El periodo de Isabel II dejó un legado de inestabilidad política, con un liberalismo incapaz de integrar las demandas sociales emergentes y un sistema político dominado por el autoritarismo y el militarismo.
El Sexenio Revolucionario (1868-1874): Constitución de 1869, Gobierno Provisional, Reinado de Amadeo de Saboya y Primera República
El **Sexenio Revolucionario** fue un periodo de transición que comenzó con la Revolución Gloriosa (1868), que derrocó a Isabel II, y finalizó con la restauración borbónica en Alfonso XII. La revolución, liderada por Topete, Prim y Serrano, y apoyada por las Juntas Revolucionarias, triunfó tras la Batalla de Alcolea, obligando a Isabel II a exiliarse.
Tras la revolución, un Gobierno Provisional encabezado por Serrano como Regente y Prim como Presidente convocó elecciones mediante sufragio universal masculino y promulgó la Constitución de 1869, la más democrática hasta entonces. Esta establecía una monarquía constitucional, soberanía nacional, sufragio universal masculino, derechos individuales, un Estado aconfesional y Cortes bicamerales.
En 1870, las Cortes eligieron como rey a Amadeo de Saboya. Sin embargo, su reinado (1871-1873) fue inestable, enfrentándose a la oposición de la Iglesia, los carlistas (que iniciaron la Tercera Guerra Carlista), los alfonsinos, los republicanos y los independentistas cubanos. La división entre partidos progresistas debilitó aún más su gobierno, y tras el asesinato de Prim, Amadeo abdicó en 1873.
La **Primera República** (1873-1874) fue proclamada como solución temporal, pero estuvo marcada por inestabilidad y crisis. Cuatro presidentes se sucedieron:
- Figueras, quien convocó elecciones sin éxito.
- Pi y Margall, que propuso una constitución federal pero dimitió por los levantamientos cantonalistas.

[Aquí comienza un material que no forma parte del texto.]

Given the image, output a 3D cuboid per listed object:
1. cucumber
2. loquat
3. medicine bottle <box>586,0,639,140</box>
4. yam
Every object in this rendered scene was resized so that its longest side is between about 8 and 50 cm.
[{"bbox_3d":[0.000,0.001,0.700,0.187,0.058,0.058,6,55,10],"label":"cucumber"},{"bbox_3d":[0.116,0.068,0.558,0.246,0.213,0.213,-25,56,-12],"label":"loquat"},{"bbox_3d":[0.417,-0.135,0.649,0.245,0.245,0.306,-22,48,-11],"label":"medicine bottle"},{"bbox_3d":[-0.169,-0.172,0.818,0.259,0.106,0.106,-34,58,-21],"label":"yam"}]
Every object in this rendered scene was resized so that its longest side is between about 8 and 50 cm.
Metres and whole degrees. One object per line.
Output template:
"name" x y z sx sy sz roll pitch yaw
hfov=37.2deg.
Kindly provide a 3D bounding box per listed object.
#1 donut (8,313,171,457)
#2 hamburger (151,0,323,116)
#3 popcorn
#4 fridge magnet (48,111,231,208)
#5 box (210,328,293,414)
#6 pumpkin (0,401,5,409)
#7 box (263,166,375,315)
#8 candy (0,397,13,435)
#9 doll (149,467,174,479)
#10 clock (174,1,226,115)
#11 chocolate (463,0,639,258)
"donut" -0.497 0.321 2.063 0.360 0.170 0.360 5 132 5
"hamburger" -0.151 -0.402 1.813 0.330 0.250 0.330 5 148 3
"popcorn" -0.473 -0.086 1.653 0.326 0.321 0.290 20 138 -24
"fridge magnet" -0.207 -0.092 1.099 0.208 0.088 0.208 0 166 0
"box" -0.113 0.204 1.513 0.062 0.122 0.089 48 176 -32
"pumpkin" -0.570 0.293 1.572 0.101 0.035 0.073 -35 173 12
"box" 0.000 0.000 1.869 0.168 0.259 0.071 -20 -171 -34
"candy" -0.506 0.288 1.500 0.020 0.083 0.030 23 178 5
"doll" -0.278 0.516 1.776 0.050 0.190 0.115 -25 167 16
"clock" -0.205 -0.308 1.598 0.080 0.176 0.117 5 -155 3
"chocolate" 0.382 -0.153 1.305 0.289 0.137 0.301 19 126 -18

- Salmerón, que sofocó estas insurrecciones pero renunció para evitar firmar penas de muerte.
- Castelar, quien gobernó autoritariamente para enfrentar los conflictos internos.
El 2 de enero de 1874, el golpe de Pavía disolvió las Cortes y estableció un gobierno provisional con Serrano, que allanó el camino para la restauración borbónica con Alfonso XII. El Sexenio mostró el anhelo democrático, pero también las profundas divisiones que impedían la estabilidad en España.